Quite often clients will come to us and all they want to do is reduce the CPA (cost per action). That’s fine to have that approach but if you put all your budget into highly converting keywords for example and turn off, your brand activity over time will lose market share. A good example of this is PPC Keywords. Brand keywords will convert at the lowest CPA but if that's all you do, you will stop getting your brand in front of new customers and over time traffic and volume will drop off. We recommend having set budget for conversion but then also have budget for brand activity. Attribution modelling can help you understand which activities are performing best.”

Next steps for implementing marketing attribution in your business

Your e-commerce start-up will need to consider several factors when looking at which attribution model is the right fit. The key is to think about the type of sales funnel you use and typically how long it runs in order to gauge what might work best.

It’s also important to consider how much of your marketing efforts are focused on offline methods such as print or even events.

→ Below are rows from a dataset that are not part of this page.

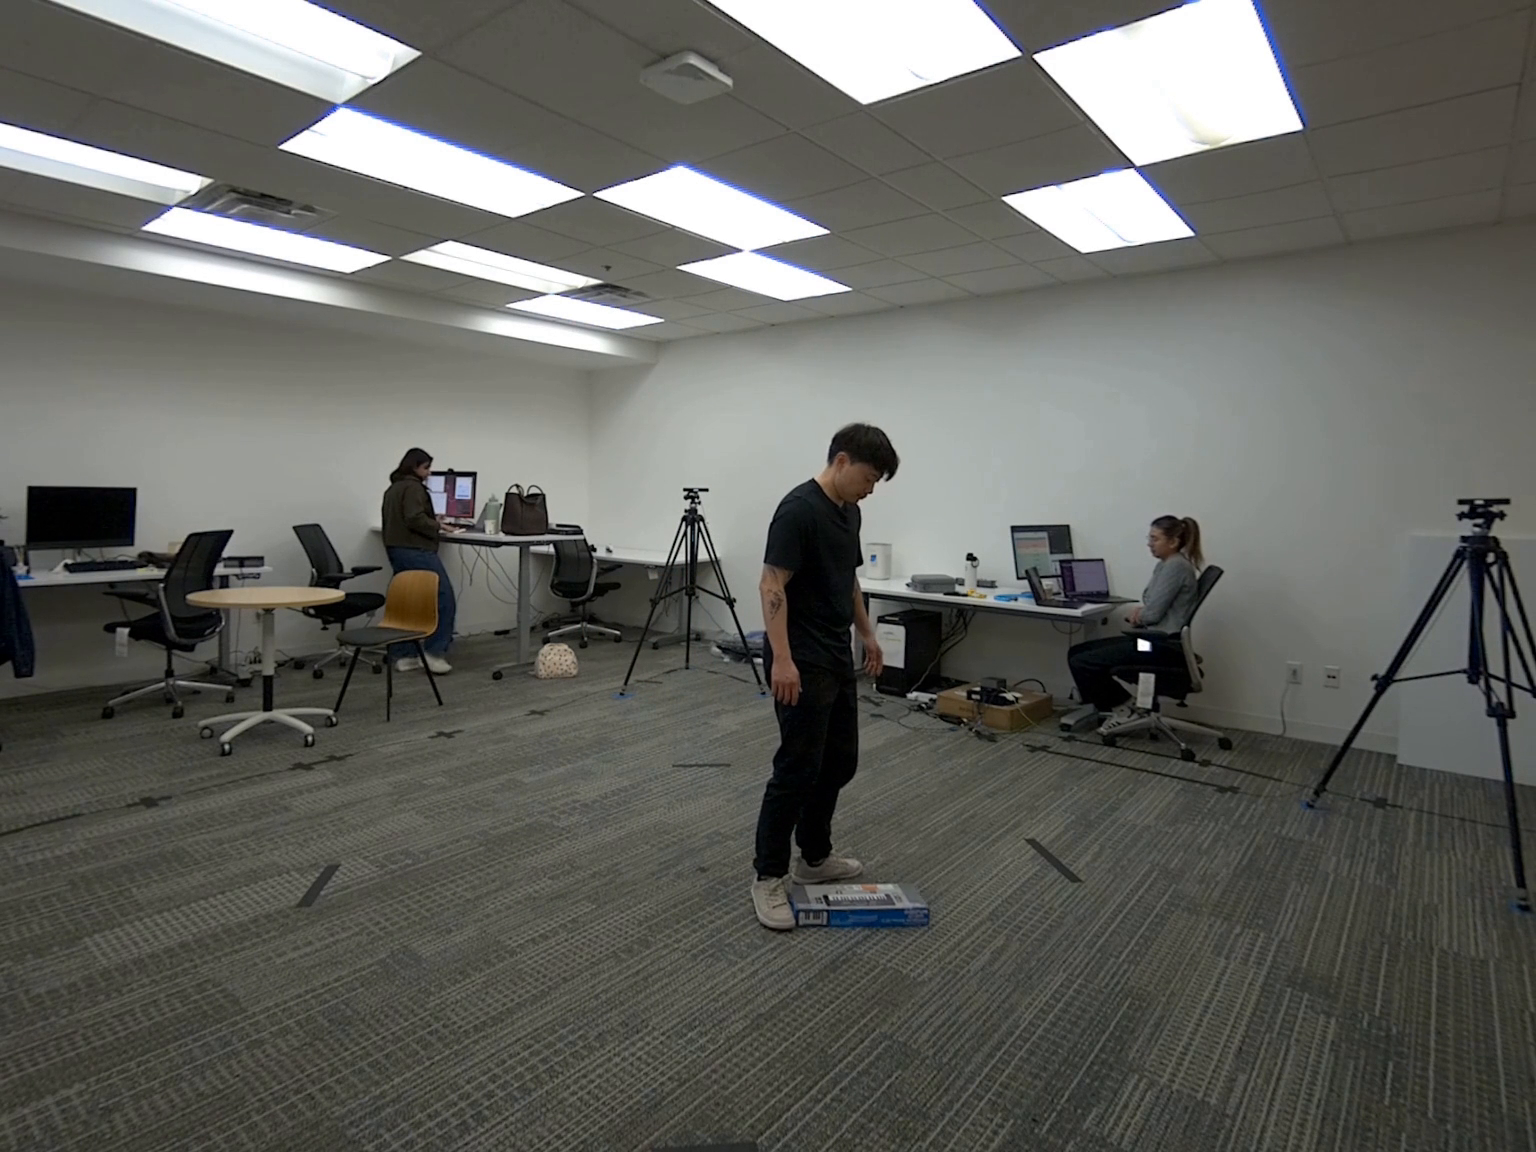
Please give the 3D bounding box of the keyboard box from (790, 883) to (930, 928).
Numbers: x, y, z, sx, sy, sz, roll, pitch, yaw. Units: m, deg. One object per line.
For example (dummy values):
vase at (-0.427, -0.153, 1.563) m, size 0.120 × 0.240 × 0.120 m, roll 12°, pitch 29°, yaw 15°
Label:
keyboard box at (0.301, 1.084, 2.804) m, size 0.434 × 0.059 × 0.177 m, roll 1°, pitch 4°, yaw -6°
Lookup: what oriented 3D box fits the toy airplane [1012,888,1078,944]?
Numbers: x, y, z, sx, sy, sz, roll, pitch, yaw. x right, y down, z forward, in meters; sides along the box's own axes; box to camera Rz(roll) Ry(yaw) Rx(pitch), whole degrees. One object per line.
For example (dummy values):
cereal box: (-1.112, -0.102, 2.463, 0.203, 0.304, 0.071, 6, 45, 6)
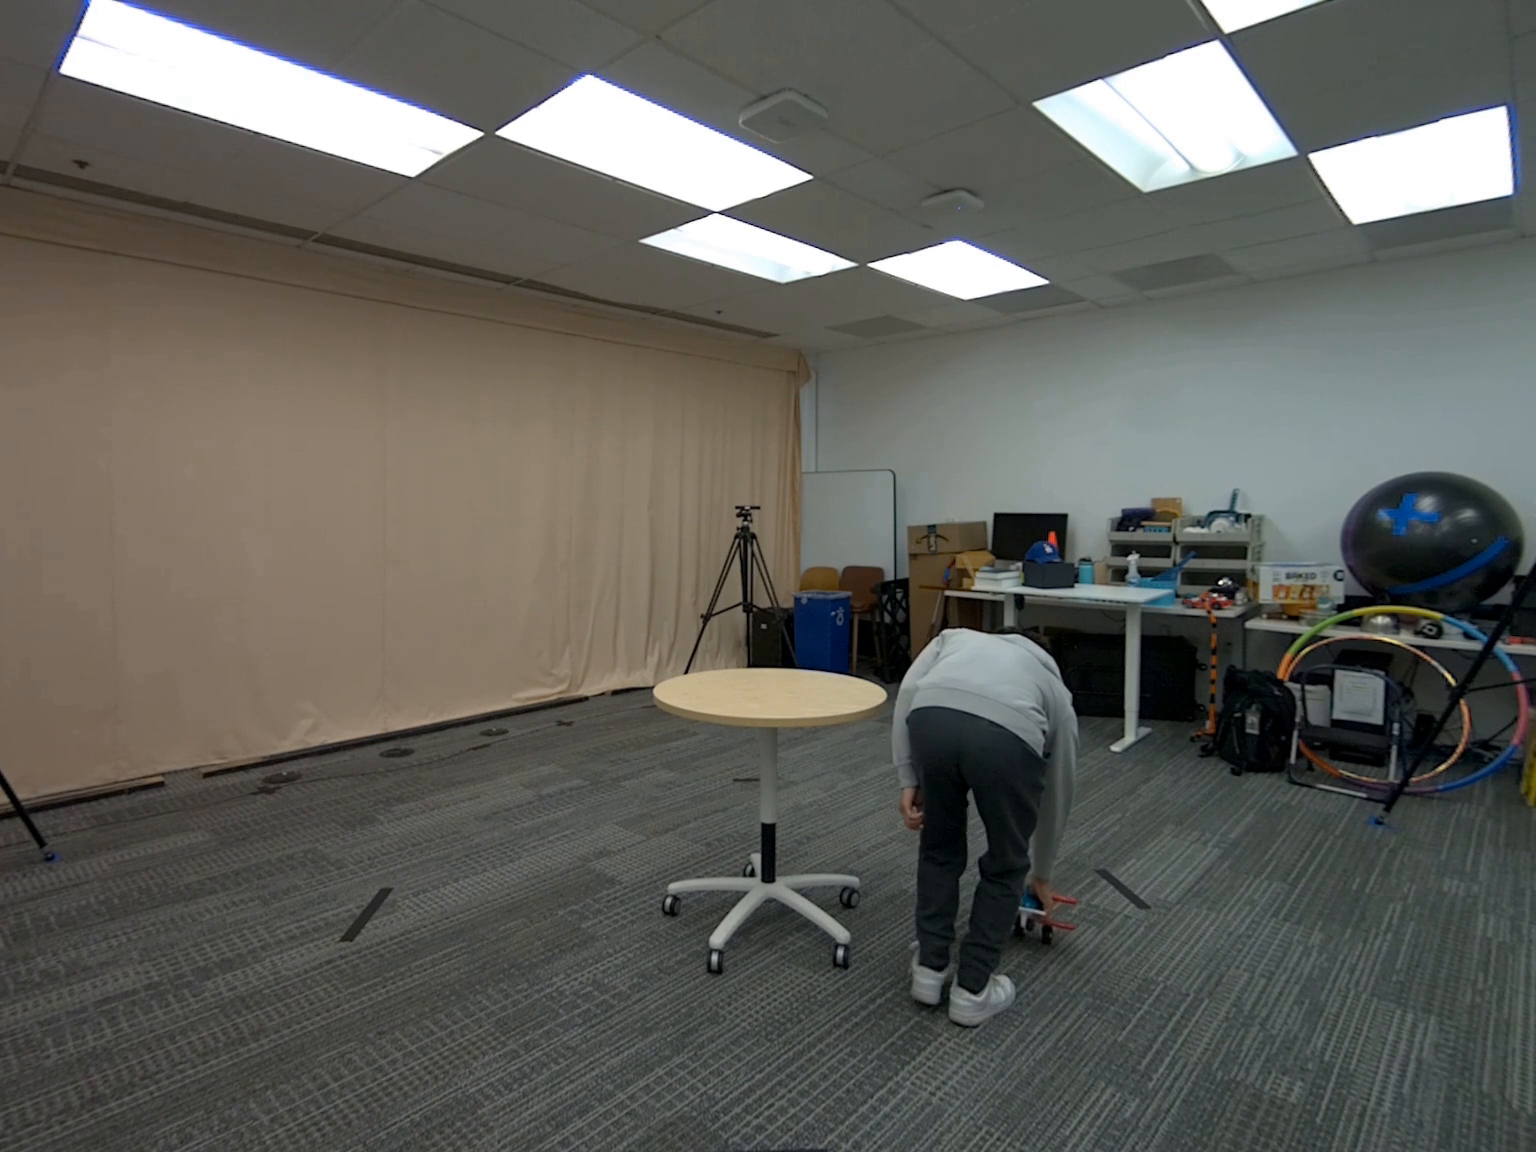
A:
toy airplane: (0.860, 1.062, 2.649, 0.253, 0.157, 0.256, 17, -27, 4)
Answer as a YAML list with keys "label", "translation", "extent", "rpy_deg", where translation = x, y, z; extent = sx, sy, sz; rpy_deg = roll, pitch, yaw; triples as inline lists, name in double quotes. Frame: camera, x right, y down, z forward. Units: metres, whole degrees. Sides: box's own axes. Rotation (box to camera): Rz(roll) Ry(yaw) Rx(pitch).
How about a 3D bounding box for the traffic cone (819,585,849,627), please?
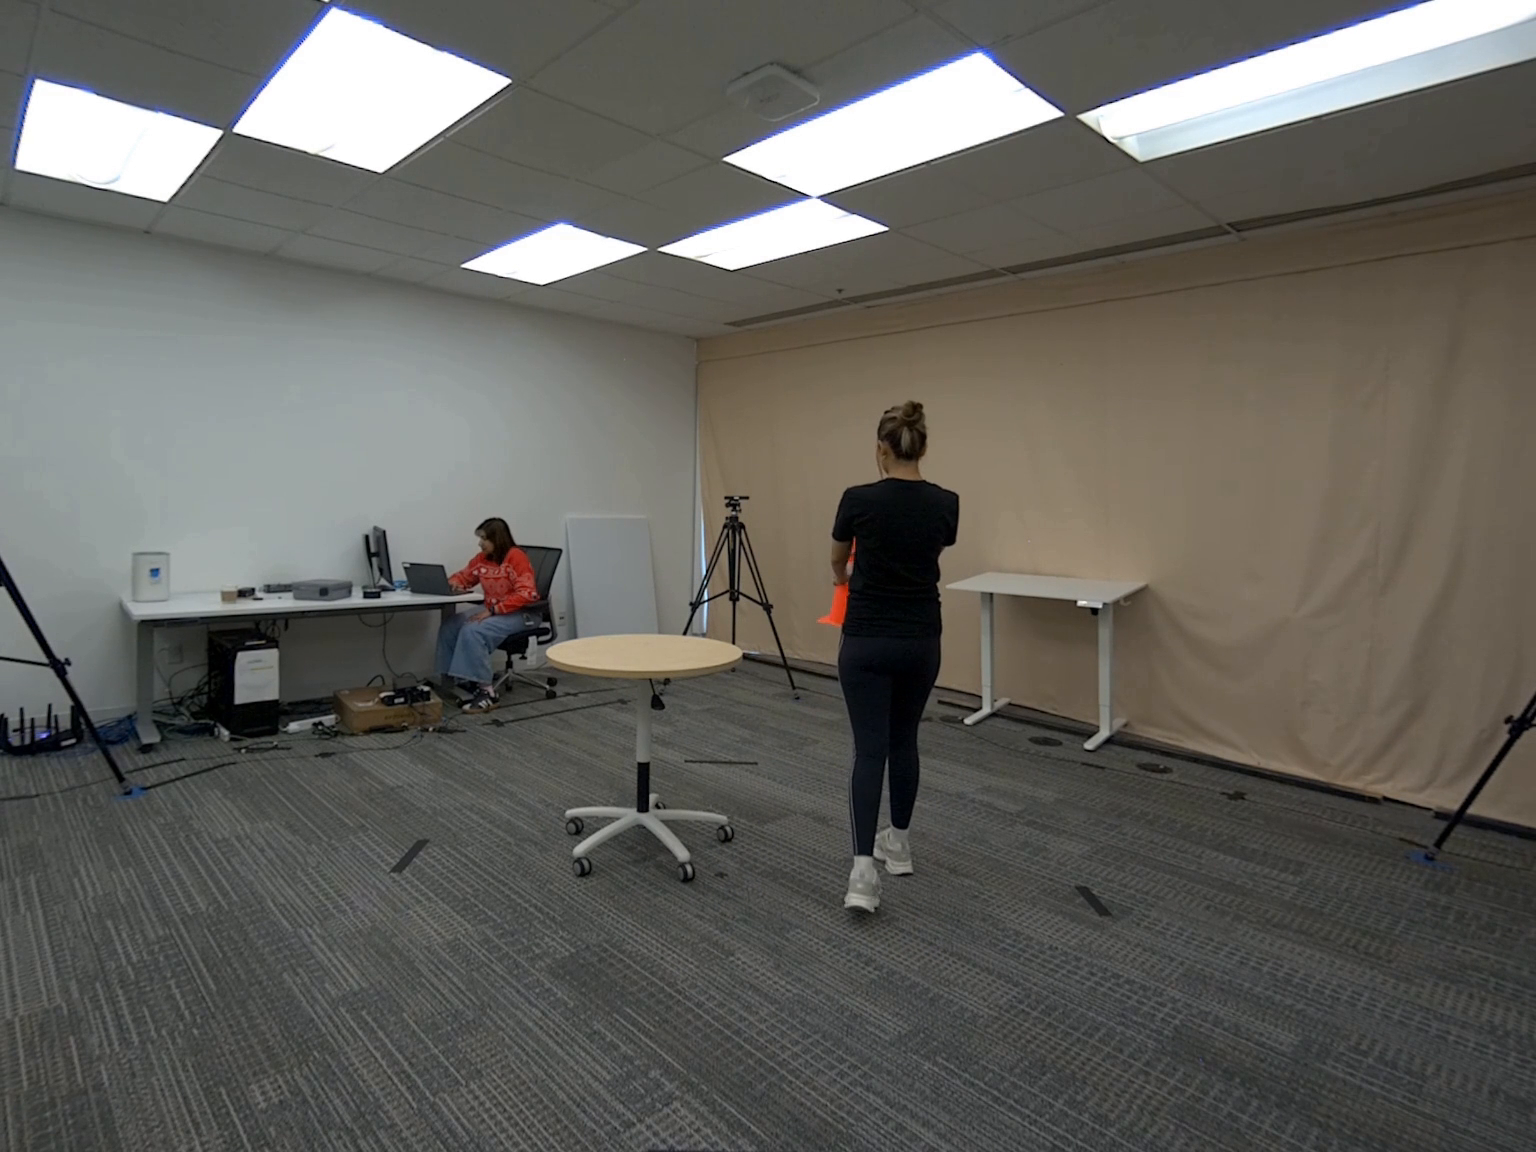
- label: "traffic cone"
  translation: [0.345, 0.005, 3.527]
  extent: [0.208, 0.381, 0.201]
  rpy_deg: [8, 10, 30]

If your business uses these channels more frequently, consider an attribution model and platform that’s able to combine online and offline efforts together for the most accurate insights.

Your business will likely have to use several attribution models in tandem for the most complete understanding of your marketing impact. Marketing attribution is most definitely both a science, by looking at how the hard data effects your marketing choices, but equally an art, in understanding the creative response that you employ to lead your customer on the most enriching, impactful journey as they engage with your product.

Do you know how you could improve your customer’s journey through marketing attribution?